Task statement: Return exactly the lines from the start of the records below through the line containing "rotation=(9, 75, 14))", both ends included, and leave out the pictures.

*** Task data ***

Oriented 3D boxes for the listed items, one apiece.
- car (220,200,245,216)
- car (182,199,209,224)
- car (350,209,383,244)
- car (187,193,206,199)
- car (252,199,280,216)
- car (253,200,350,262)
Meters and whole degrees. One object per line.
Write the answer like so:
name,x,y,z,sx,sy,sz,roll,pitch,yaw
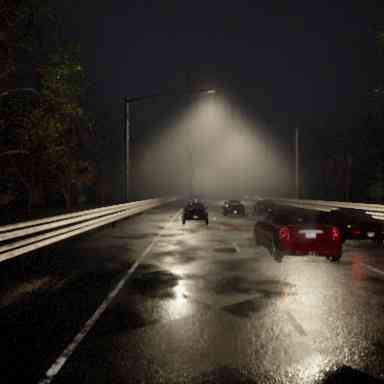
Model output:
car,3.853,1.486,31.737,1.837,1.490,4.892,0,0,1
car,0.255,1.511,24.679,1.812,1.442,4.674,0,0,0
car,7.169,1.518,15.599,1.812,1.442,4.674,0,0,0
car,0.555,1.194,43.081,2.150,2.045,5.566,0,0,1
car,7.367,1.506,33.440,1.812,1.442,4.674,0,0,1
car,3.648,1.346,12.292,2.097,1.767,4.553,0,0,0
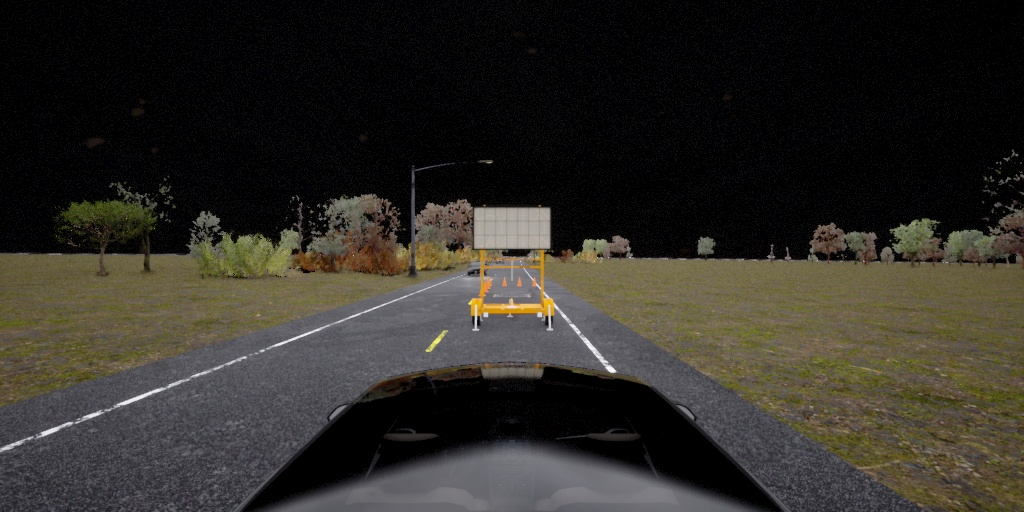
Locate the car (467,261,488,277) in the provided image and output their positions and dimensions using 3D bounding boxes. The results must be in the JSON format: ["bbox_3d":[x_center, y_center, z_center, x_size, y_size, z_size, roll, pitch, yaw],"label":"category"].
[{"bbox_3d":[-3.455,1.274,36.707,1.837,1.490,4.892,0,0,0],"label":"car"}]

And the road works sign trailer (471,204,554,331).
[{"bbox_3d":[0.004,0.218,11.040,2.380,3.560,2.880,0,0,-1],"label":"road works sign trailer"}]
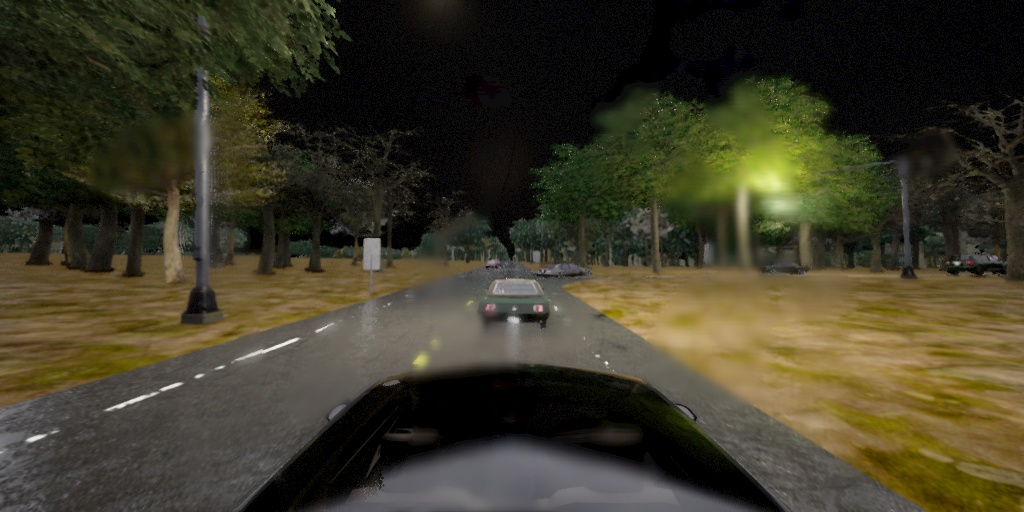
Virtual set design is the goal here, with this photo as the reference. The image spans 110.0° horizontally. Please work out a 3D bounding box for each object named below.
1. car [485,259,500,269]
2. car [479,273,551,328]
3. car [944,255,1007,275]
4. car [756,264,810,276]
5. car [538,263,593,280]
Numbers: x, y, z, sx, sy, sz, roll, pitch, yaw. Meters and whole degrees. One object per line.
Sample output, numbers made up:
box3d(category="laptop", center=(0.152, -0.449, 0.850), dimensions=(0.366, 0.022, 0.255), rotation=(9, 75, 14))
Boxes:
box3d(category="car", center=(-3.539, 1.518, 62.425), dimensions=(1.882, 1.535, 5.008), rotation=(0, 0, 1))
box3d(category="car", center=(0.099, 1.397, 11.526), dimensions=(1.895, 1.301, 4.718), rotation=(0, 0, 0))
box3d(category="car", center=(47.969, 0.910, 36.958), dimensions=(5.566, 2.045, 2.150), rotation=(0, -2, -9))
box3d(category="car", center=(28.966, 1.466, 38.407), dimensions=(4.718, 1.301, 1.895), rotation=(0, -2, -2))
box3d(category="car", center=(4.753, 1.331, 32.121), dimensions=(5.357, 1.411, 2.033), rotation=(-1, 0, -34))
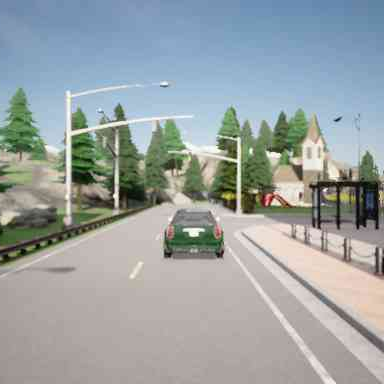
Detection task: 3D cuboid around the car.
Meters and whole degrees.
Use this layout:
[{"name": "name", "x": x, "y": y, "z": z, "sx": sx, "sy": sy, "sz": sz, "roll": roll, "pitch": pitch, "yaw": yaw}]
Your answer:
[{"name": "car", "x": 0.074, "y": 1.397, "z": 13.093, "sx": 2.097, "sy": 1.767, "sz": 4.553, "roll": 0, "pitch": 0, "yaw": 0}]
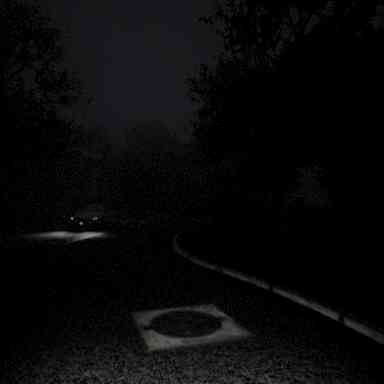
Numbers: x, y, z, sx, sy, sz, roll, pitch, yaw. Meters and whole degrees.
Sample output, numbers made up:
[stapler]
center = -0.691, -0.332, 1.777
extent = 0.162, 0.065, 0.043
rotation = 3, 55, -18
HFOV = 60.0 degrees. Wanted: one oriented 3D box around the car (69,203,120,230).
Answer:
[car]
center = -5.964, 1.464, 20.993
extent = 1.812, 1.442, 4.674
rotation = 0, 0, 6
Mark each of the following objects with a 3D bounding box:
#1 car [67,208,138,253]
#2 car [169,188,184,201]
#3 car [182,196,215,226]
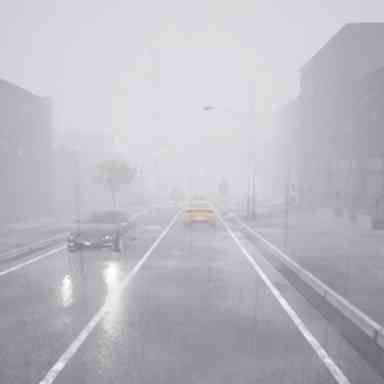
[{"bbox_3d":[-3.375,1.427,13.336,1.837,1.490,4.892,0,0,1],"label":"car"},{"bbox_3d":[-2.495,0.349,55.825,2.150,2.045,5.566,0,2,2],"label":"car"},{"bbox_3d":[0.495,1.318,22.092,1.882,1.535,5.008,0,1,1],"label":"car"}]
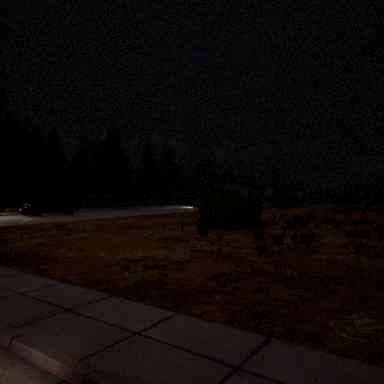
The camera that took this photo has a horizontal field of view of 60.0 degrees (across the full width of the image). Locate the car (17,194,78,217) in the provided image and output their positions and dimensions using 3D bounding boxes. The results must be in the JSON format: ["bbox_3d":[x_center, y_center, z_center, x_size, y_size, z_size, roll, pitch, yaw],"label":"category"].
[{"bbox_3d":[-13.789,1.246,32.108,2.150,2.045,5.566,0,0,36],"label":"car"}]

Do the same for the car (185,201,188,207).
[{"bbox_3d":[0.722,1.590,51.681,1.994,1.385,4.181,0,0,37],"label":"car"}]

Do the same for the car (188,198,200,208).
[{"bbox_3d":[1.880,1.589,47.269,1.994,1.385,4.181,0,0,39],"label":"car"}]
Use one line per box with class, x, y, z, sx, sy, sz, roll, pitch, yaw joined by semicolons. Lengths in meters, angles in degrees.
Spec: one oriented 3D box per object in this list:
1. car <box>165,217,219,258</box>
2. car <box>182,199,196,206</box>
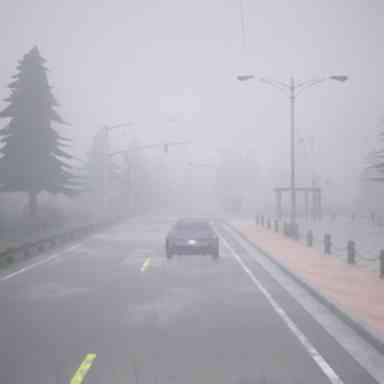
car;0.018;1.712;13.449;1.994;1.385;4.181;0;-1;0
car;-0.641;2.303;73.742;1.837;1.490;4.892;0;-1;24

*** End of Task data ***

Solution to this problem:
Oriented 3D boxes for the listed items, one apiece.
- car (220,200,245,216)
- car (182,199,209,224)
- car (350,209,383,244)
- car (187,193,206,199)
- car (252,199,280,216)
- car (253,200,350,262)
Meters and whole degrees. One object per line.
Write the answer like so:
name,x,y,z,sx,sy,sz,roll,pitch,yaw
Model output:
car,3.853,1.486,31.737,1.837,1.490,4.892,0,0,1
car,0.255,1.511,24.679,1.812,1.442,4.674,0,0,0
car,7.169,1.518,15.599,1.812,1.442,4.674,0,0,0
car,0.555,1.194,43.081,2.150,2.045,5.566,0,0,1
car,7.367,1.506,33.440,1.812,1.442,4.674,0,0,1
car,3.648,1.346,12.292,2.097,1.767,4.553,0,0,0
Locate the car (467,261,488,277) in the provided image and output their positions and dimensions using 3D bounding boxes. The results must be in the JSON format: ["bbox_3d":[x_center, y_center, z_center, x_size, y_size, z_size, roll, pitch, yaw],"label":"category"].
[{"bbox_3d":[-3.455,1.274,36.707,1.837,1.490,4.892,0,0,0],"label":"car"}]

And the road works sign trailer (471,204,554,331).
[{"bbox_3d":[0.004,0.218,11.040,2.380,3.560,2.880,0,0,-1],"label":"road works sign trailer"}]
Virtual set design is the goal here, with this photo as the reference. The image spans 110.0° horizontally. Please work out a 3D bounding box for each object named below.
1. car [485,259,500,269]
2. car [479,273,551,328]
3. car [944,255,1007,275]
4. car [756,264,810,276]
5. car [538,263,593,280]
Numbers: x, y, z, sx, sy, sz, roll, pitch, yaw. Meters and whole degrees. One object per line.
Sample output, numbers made up:
box3d(category="laptop", center=(0.152, -0.449, 0.850), dimensions=(0.366, 0.022, 0.255), rotation=(9, 75, 14))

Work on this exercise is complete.